§ **WHAT THIS TASK INVOLVES**: Nothing but the pictures may be dropped; the rest of the listing is to be written out exactly.

§ **SUPPLIED MATERIAL**:

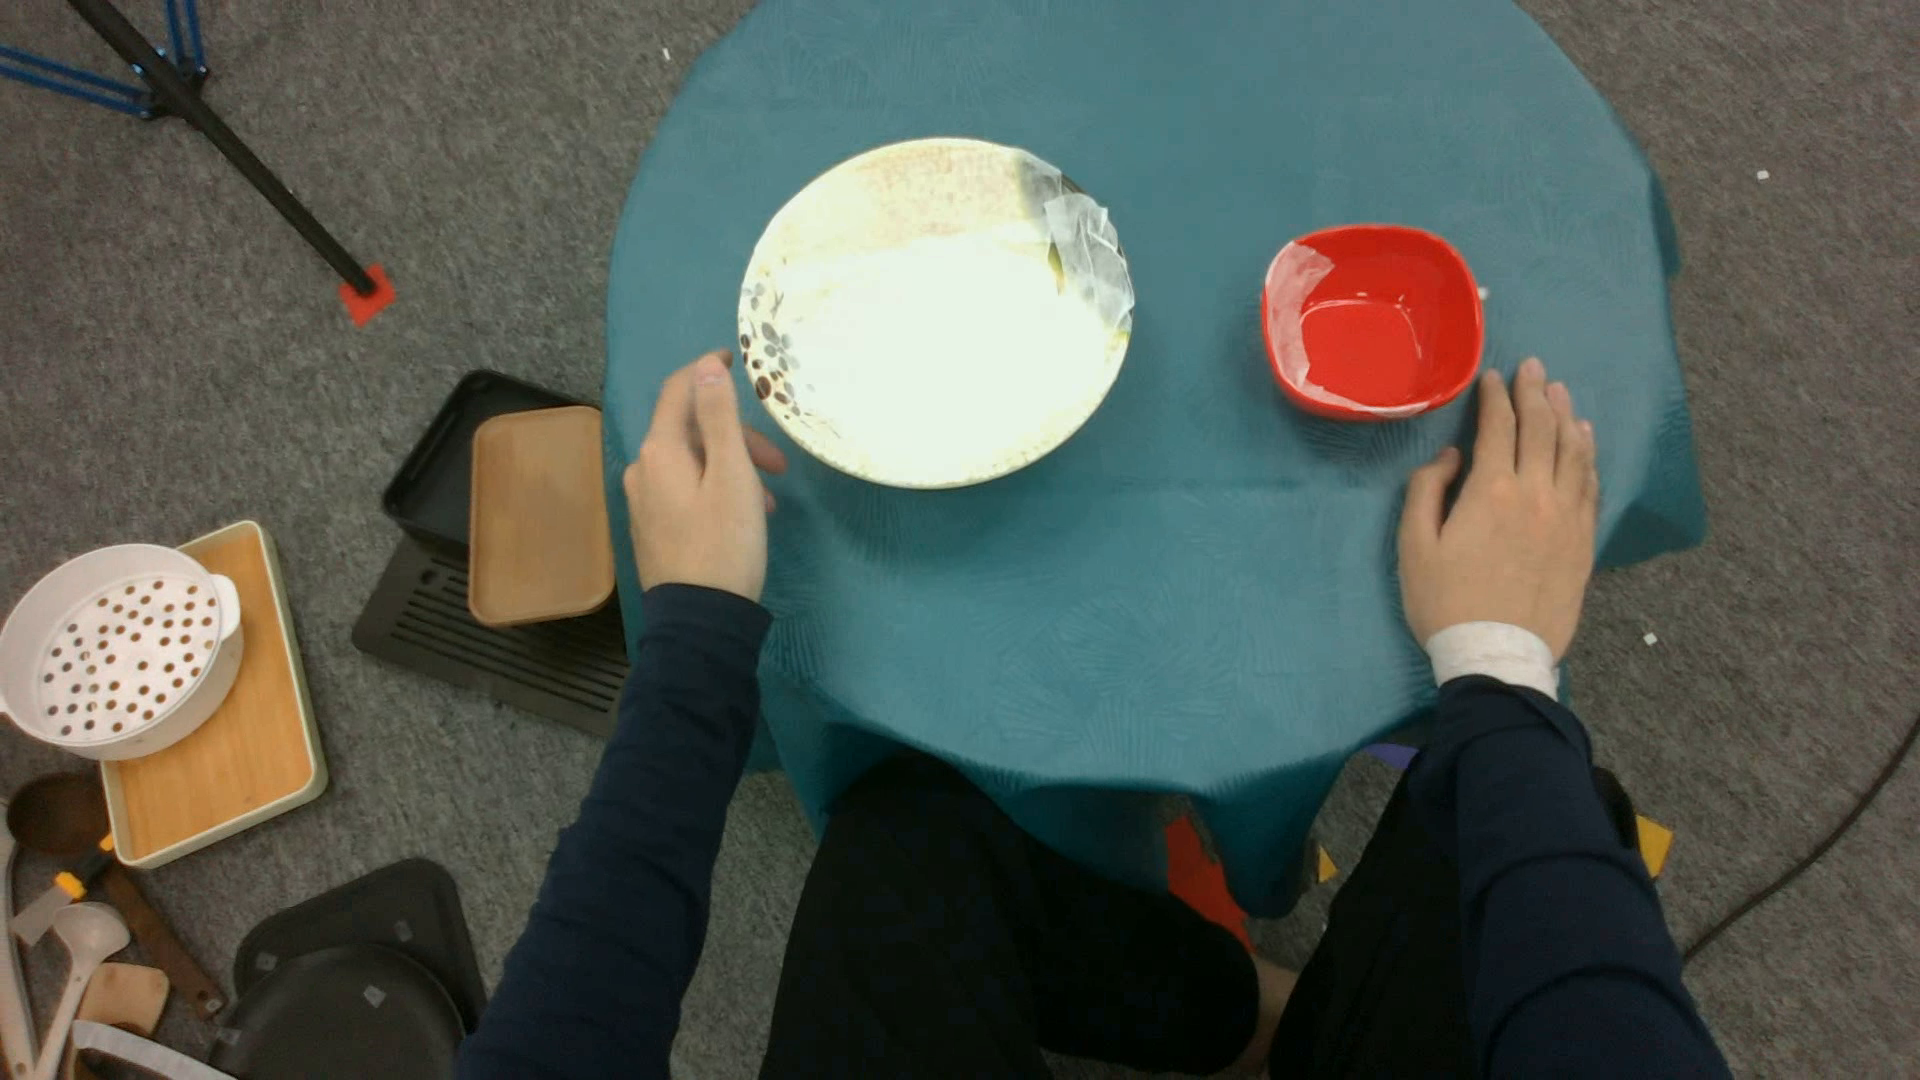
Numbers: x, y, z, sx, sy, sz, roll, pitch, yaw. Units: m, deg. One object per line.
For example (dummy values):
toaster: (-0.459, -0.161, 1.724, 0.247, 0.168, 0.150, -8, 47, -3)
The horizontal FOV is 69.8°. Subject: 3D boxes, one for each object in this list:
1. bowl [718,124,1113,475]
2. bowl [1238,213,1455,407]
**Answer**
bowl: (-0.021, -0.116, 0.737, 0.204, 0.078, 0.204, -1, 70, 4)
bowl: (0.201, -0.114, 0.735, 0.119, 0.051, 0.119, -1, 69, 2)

§ **COMPLETED EXERCISE**:
Numbers: x, y, z, sx, sy, sz, roll, pitch, yaw. Units: m, deg. One object per line.
For example (dummy values):
toaster: (-0.459, -0.161, 1.724, 0.247, 0.168, 0.150, -8, 47, -3)
The horizontal FOV is 69.8°. Subject: 3D boxes, one for each object in this list:
1. bowl [718,124,1113,475]
2. bowl [1238,213,1455,407]
**Answer**
bowl: (-0.021, -0.116, 0.737, 0.204, 0.078, 0.204, -1, 70, 4)
bowl: (0.201, -0.114, 0.735, 0.119, 0.051, 0.119, -1, 69, 2)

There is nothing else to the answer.